Thursday, August 27, 2009

Weak Drugs or Powerful Placebos? One Side of the Issue

Steve Silberman at Wired magazine has written a truly phenomenal paper about drug manufacturers and the placebo effect in research:

http://www.highbeam.com/doc/1P2-6724828.html

It's right a good deal of the time, and where it's wrong, it's wrong in a fascinating way. I expect to get several posts out of Silberman's article, to keep each within manageable length.

The subject of this post is a "pro-industry" assessment of Silberman's main claim--that somehow, in recent years, the placebo effect in drug research has gotten more powerful, making it harder for the companies to prove that even good drugs are truly superior to placebo (the minimum bar for FDA approval in most cases). The next post will be the skeptical assessment of the same claim.

The news flash that Silberman passes on--citing the work of psychiatrist and Merck VP William Potter--was actually something we had a pretty good glimmer of a quarter-century ago, from a classic placebo paper by anthropologist Dan Moerman. Moerman did a meta-analysis (actually one of the very first I think) of 31 studies of cimetidine vs. placebo. (Anyone remember Tagamet? Before the "purple pill" era of Prilosec and its lookalikes, cimetidine was the real breakthrough drug, turning peptic ulcers from a surgical into a medically treatable condition.) Moerman showed that on average, the rate of good therapeutic responses among those given placebos for their ulcer disease, in the context of these double-blind studies (with ulcer size being measured by endoscope visualization, so we are talking here about "objective" responses, not merely "subjective" relief of symptoms) was about one-third. That was sort of reassuring as it matched the estimate given by Henry Beecher in his previously classic, but now widely debunked paper, "The Powerful Placebo" published in 1955.
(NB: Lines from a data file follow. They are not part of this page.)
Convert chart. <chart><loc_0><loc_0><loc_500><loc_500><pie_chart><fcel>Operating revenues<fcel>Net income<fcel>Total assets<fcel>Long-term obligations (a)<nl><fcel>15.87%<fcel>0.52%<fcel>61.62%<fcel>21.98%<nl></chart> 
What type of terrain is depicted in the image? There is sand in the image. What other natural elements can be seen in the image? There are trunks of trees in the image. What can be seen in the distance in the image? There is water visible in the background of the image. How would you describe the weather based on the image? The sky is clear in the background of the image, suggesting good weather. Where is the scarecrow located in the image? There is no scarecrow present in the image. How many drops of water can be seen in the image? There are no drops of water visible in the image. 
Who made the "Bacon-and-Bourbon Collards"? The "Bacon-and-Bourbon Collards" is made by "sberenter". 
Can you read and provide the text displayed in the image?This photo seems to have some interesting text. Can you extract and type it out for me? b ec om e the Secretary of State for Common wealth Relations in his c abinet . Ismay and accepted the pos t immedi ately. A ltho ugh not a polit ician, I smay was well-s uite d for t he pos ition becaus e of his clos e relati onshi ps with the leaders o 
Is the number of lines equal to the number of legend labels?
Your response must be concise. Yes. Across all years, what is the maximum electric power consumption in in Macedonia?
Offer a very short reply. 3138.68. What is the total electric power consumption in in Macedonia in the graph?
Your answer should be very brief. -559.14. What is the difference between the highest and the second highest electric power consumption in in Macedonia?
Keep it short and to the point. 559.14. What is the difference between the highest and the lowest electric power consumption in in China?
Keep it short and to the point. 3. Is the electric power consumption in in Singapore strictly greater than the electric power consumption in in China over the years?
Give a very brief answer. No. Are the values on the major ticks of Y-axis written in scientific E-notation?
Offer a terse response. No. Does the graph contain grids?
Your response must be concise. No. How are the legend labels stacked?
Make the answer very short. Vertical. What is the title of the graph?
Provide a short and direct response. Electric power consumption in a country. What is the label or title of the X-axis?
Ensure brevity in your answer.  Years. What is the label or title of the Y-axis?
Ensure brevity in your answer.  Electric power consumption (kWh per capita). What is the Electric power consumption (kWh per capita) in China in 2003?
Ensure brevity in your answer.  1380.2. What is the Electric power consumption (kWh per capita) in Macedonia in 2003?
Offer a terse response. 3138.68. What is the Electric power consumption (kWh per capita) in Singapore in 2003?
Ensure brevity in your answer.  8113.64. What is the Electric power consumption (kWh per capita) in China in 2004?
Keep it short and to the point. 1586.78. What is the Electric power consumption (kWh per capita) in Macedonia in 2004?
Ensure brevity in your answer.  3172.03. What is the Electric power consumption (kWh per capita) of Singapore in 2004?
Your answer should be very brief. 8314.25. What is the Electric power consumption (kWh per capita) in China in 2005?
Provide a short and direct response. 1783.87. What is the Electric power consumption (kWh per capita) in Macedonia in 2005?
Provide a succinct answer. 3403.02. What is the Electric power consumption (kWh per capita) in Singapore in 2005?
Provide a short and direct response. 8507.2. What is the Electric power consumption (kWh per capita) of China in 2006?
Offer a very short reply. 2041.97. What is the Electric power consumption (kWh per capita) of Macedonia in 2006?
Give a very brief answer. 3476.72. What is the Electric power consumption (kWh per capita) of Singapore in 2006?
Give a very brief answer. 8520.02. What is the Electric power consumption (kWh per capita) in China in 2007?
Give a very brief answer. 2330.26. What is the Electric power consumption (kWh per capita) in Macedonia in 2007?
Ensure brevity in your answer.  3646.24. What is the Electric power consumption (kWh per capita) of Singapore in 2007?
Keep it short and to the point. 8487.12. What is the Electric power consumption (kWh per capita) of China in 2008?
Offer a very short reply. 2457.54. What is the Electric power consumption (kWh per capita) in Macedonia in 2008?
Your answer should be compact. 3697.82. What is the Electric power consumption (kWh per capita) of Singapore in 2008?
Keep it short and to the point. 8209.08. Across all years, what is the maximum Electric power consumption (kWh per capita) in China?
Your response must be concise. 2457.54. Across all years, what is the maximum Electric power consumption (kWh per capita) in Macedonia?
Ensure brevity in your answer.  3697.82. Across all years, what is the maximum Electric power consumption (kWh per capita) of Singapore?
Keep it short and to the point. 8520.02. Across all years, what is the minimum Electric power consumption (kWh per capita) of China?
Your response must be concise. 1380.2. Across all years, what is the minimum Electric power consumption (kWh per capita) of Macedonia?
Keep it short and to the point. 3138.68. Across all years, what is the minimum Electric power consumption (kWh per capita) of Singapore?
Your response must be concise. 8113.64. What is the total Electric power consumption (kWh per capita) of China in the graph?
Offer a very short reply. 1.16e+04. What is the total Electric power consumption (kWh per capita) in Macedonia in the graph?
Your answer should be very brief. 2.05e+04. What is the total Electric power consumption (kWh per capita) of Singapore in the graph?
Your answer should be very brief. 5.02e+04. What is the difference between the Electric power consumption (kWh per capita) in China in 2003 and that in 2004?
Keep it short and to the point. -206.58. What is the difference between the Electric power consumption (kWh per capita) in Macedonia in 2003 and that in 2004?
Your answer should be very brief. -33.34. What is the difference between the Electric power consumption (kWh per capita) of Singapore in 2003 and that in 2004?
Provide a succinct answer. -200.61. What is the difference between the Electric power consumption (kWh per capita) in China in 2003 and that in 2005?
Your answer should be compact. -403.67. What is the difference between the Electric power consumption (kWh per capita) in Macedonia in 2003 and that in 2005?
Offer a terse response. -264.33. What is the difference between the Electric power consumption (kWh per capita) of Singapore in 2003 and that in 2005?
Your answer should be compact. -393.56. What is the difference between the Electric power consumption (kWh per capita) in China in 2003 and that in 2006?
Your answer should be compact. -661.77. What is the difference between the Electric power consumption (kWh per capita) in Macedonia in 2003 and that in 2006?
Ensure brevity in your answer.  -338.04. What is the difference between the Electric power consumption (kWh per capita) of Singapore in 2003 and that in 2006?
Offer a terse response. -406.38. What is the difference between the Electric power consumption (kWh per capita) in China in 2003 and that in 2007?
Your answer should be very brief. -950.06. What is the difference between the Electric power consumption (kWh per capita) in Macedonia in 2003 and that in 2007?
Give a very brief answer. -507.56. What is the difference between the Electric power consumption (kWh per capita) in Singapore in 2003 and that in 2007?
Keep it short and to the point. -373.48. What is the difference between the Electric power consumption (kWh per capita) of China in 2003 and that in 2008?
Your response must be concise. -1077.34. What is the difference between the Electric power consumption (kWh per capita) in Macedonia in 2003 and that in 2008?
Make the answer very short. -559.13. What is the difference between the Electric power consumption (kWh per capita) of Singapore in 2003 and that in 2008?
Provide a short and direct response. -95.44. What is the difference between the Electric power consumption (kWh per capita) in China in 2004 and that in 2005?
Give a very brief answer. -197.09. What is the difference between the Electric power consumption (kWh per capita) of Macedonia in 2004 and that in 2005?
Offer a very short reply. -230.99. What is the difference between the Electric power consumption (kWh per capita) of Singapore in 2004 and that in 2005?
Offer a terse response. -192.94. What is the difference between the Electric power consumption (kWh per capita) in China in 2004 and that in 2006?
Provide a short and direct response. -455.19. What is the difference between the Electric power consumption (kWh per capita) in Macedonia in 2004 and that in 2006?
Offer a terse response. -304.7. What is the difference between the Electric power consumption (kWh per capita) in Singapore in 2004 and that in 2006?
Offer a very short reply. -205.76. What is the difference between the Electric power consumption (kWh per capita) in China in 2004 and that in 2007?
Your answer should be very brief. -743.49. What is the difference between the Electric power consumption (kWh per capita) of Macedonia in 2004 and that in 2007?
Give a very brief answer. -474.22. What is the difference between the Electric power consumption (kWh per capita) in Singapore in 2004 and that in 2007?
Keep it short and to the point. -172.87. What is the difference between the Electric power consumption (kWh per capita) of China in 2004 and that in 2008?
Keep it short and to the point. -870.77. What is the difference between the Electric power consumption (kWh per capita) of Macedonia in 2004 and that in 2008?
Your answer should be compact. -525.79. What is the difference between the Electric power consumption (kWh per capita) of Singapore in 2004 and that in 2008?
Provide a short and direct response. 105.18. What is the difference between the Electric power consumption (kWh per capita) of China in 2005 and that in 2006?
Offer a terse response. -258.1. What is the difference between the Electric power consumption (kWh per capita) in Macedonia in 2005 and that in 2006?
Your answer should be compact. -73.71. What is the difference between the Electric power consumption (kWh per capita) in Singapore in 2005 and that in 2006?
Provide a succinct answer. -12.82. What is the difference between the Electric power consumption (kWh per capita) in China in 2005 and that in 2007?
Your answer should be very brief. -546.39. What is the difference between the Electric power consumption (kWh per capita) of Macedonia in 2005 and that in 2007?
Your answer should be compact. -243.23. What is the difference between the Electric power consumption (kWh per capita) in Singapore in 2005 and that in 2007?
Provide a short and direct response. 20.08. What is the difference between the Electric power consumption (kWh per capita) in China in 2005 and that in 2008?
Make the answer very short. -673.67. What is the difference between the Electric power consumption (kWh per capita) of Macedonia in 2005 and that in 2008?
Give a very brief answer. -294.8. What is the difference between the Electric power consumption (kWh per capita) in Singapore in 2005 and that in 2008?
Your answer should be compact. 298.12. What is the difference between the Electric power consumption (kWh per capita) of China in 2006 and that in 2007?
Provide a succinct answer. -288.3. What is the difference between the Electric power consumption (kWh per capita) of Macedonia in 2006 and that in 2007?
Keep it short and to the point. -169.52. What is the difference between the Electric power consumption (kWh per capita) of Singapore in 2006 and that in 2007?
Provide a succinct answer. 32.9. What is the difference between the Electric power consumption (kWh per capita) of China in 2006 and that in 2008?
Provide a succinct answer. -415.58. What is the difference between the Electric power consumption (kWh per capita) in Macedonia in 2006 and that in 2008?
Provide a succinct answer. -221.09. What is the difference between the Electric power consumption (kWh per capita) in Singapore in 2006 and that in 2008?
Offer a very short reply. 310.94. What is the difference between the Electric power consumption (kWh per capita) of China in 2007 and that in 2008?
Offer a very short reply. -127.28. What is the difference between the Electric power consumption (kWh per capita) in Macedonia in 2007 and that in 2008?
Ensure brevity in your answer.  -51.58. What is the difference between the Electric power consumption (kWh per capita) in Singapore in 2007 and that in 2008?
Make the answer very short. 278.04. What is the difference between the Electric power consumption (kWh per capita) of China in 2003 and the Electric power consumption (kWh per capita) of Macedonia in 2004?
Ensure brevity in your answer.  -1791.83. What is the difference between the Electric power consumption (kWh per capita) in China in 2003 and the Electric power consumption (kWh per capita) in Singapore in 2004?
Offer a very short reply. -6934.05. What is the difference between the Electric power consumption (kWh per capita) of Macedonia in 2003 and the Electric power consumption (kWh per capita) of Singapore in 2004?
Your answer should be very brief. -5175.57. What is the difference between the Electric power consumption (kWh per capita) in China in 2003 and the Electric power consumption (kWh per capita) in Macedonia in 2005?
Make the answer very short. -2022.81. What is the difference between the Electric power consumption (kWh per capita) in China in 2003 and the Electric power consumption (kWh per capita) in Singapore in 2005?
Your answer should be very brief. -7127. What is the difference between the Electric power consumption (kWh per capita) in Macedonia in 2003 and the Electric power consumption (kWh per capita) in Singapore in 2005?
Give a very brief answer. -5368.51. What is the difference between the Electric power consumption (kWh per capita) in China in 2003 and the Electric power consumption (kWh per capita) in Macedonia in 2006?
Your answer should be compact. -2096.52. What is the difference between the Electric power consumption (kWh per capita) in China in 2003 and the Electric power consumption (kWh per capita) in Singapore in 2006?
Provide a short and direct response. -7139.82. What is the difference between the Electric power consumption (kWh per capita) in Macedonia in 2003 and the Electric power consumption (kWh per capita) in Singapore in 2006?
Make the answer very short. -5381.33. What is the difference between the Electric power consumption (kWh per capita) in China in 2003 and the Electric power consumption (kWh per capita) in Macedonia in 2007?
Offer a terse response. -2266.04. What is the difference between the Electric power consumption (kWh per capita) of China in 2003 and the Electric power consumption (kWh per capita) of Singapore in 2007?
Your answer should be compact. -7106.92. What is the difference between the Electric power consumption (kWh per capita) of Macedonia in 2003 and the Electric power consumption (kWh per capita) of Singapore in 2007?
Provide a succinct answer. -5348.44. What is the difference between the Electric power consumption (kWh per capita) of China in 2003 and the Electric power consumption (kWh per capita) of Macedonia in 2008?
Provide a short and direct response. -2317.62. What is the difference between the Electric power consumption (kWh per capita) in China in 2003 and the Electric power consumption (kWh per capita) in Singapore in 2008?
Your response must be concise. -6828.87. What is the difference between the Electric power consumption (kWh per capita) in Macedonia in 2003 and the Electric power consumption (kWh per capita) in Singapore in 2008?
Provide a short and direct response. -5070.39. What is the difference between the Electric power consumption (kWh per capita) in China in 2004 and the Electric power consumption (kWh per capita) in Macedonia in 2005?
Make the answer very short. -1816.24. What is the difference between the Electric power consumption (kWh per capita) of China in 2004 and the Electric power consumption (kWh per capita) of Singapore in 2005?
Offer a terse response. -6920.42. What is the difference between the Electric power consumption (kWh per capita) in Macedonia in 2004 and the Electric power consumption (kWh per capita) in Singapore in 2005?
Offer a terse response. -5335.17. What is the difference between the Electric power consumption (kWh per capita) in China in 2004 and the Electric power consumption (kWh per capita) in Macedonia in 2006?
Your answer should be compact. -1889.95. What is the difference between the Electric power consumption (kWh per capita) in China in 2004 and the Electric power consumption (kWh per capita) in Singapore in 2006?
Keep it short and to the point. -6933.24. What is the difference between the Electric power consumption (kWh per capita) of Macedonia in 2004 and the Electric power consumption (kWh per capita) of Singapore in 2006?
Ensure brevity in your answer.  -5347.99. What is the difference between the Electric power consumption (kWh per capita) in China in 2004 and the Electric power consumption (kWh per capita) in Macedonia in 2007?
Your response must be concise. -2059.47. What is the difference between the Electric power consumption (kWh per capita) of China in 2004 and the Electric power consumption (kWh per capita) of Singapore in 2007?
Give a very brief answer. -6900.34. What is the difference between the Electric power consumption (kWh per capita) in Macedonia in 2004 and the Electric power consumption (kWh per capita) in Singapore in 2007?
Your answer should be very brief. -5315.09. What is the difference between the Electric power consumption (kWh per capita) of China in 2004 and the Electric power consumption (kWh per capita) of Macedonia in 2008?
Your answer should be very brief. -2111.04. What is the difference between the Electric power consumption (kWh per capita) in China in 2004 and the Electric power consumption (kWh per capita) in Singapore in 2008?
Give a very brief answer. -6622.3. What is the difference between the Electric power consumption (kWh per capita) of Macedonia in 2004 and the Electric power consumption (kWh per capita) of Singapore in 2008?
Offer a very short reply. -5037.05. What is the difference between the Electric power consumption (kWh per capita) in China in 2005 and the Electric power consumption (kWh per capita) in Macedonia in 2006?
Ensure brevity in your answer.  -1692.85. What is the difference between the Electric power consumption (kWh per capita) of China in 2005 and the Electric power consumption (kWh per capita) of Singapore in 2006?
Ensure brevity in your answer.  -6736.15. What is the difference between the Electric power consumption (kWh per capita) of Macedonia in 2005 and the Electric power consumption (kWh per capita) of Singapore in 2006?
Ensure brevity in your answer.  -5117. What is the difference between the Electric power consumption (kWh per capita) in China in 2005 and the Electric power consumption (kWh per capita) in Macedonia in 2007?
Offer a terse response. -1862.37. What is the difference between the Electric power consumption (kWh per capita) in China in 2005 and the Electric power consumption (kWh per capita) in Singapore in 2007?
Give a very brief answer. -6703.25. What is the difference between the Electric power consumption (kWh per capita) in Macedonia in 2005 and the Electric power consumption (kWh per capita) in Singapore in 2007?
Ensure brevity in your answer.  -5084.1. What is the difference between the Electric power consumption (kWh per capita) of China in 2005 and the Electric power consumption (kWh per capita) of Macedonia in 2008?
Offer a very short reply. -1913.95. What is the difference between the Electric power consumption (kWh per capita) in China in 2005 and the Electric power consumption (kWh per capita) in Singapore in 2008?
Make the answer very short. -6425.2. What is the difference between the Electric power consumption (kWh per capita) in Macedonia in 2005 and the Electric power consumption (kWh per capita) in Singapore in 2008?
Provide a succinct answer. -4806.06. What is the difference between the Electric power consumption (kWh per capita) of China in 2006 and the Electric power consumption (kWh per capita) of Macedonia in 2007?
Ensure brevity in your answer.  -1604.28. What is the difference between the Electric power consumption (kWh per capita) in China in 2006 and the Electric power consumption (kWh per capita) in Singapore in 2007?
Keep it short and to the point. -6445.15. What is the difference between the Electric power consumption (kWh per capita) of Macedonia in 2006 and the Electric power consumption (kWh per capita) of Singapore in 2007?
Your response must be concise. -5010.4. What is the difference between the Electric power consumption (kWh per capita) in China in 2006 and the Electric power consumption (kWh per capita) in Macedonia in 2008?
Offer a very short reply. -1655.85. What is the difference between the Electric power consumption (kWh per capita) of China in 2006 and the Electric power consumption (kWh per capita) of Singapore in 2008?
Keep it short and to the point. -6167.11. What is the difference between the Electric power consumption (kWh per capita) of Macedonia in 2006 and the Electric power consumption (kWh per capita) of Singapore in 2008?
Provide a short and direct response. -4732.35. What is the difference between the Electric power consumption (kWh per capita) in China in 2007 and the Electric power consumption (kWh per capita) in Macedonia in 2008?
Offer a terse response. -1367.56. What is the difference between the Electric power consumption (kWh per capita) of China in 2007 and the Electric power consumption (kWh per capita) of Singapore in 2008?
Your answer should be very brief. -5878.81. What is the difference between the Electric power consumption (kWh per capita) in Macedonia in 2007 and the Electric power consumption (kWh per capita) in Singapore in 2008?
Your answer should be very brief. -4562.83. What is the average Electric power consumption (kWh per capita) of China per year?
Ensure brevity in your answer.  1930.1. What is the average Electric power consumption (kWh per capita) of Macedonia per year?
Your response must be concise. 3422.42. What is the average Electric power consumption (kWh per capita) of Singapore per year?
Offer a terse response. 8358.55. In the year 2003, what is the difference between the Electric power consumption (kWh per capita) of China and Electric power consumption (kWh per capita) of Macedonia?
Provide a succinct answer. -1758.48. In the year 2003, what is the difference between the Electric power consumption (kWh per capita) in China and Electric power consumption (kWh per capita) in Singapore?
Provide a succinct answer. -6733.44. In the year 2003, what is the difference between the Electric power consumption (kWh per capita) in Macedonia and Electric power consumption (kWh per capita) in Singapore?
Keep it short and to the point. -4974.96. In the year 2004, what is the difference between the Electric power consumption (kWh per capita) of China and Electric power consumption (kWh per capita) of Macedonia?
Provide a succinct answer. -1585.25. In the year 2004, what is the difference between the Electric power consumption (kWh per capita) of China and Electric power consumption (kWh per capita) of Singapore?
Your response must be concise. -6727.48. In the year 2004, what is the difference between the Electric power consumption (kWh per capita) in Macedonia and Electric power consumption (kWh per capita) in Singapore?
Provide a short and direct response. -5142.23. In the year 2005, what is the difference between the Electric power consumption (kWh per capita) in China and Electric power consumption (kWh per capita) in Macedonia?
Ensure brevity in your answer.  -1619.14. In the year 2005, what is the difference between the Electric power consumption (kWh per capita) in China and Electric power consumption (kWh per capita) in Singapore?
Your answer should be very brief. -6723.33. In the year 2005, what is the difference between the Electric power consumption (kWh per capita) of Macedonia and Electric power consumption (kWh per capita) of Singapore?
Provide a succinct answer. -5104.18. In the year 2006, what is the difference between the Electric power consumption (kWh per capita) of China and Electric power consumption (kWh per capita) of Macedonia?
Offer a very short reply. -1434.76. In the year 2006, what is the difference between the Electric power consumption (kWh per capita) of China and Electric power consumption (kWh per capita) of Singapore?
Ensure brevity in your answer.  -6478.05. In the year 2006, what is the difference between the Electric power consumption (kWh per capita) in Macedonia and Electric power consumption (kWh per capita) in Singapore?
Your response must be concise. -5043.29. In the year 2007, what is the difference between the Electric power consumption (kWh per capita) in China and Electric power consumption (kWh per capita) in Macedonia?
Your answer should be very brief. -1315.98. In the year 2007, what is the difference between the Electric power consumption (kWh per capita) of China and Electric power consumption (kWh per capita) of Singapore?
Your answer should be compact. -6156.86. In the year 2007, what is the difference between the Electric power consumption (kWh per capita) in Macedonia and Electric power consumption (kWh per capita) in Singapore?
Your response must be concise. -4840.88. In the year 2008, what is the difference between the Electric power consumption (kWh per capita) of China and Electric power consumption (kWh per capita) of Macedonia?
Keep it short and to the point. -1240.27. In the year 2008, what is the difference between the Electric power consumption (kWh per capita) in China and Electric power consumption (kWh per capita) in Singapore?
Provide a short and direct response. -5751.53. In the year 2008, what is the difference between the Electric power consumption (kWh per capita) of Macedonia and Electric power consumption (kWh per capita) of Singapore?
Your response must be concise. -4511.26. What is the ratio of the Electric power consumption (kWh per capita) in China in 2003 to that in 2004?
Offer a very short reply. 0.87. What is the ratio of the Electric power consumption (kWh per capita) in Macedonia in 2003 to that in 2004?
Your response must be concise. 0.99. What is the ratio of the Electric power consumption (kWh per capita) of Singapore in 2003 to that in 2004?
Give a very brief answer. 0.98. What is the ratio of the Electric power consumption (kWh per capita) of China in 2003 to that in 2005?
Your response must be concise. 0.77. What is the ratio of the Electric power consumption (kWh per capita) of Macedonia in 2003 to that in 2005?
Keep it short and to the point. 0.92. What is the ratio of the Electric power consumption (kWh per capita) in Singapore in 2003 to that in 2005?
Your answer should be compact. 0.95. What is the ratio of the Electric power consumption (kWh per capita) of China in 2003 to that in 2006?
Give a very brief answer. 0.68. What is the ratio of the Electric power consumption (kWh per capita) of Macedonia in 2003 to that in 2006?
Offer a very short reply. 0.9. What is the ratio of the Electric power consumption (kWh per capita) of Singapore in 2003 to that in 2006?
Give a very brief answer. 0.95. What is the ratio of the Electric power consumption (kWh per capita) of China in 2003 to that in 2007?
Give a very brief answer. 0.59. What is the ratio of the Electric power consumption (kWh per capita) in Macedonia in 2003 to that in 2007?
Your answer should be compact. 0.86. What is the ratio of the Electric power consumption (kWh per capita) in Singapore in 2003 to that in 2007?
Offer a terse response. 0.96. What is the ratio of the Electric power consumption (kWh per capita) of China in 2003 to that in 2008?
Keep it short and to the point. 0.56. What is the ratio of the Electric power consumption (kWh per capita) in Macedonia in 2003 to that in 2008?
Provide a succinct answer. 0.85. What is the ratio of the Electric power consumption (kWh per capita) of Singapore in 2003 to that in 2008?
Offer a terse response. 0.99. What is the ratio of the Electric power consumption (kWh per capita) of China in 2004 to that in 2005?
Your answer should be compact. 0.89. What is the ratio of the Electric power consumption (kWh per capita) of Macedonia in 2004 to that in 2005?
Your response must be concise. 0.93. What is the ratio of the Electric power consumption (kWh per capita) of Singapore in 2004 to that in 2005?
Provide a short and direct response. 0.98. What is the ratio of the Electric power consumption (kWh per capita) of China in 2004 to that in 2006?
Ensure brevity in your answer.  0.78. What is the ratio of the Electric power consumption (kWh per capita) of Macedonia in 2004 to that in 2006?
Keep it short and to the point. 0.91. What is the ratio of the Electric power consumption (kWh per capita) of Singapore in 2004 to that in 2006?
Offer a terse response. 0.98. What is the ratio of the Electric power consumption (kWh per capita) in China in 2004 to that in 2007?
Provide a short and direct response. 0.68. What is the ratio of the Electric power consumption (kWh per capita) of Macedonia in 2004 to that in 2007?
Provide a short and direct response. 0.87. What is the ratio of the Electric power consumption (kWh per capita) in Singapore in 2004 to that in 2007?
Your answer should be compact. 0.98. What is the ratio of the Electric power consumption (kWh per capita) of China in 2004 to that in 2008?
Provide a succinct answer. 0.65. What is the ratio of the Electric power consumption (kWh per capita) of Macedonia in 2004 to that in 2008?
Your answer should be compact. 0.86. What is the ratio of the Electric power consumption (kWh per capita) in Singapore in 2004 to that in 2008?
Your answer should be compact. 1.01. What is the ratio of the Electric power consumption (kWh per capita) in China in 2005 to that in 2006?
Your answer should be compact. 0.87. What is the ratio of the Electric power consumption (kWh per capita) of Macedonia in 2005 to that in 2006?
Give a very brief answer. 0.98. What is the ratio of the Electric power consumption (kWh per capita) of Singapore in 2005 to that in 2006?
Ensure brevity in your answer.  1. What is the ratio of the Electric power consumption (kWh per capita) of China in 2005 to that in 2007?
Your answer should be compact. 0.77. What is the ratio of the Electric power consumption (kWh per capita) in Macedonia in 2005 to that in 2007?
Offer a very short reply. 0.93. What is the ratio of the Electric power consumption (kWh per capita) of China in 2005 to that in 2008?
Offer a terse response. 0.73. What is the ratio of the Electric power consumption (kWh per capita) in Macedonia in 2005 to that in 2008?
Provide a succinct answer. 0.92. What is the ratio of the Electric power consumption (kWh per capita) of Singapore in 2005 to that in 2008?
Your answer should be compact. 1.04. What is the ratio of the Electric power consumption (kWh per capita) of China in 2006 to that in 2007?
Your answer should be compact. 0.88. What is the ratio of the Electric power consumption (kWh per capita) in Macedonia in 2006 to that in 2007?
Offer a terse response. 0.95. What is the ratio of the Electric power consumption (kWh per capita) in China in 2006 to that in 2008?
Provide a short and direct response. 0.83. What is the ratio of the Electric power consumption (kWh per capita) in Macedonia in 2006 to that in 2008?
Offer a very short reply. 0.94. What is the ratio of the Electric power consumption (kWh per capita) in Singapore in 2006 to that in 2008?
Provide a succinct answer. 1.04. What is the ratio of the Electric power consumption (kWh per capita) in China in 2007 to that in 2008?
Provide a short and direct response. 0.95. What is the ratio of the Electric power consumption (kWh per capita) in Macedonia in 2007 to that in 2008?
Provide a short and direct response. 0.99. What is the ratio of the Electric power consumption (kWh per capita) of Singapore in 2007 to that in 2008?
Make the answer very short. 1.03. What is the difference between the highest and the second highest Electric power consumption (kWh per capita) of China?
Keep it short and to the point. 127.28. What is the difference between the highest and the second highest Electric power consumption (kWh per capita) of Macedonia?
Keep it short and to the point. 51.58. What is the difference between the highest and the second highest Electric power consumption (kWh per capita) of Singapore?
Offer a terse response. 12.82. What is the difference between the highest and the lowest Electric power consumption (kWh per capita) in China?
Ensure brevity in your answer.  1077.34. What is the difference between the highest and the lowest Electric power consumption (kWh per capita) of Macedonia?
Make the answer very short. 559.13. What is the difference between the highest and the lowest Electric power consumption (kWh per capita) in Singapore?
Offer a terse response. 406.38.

Moerman proceeded to show that the one-third figure was more obscuring than enlightening, because the main phenomenon about placebo response rates were their wide variability. The placebo response in one study hit a low of 10 percent, and in another study topped out at 80 percent. If you looked at all 31 studies, about half showed cimetidine being superior to placebo, and half not. The cimetidine response rate was actually very uniform--about 75 percent of subjects improved in the drug group in nearly every study. So whether cimetidine was superior to placebo or not said nothing about how cimetidine performed; it was all about how well placebo performed.

(Sidebar to the main story line: The astute reader will already be jumping up and down, that I have confused two quite different phenomena--the true placebo response rate, which is the healing that occurs because you take a placebo; and the natural history of peptic ulcer disease, which says that if you wait long enough, most ulcers will heal on their own, even if you took nothing at all. The placebo group in a typical double-blind controlled trial is subject to both effects, and the trial methodology does not distinguish which is which. But this was one of the significant points about what Moreman found. Can you really argue that peptic ulcers heal by themselves only 10 percent of the time in one place, but 80 percent of the time in another? The wide variability among study sites and contexts strongly suggested that it was most likely the "true placebo effect" that varied from study to study, while the "natural history effect" would be expected to be present, but not to be so widely variable.)

You see right away the implications for the drug company. Imagine that through bad karma, all 15-16 or however many studies that happened to show cimetidine not being any better than placebo, had been the first set of studies performed. The companies would never have taken the drug to the FDA for approval. And both in those studies and also based on extensive clinical and research experience subsequently, cimetidine is as near as you are going to get to a really good drug. Indeed, we now think that among all the patients being prescribed expensive proton-pump-inhibitor drugs like Nexium, the majority would probably have gotten just as much better, at far lower cost, on drugs of the cimetidine class.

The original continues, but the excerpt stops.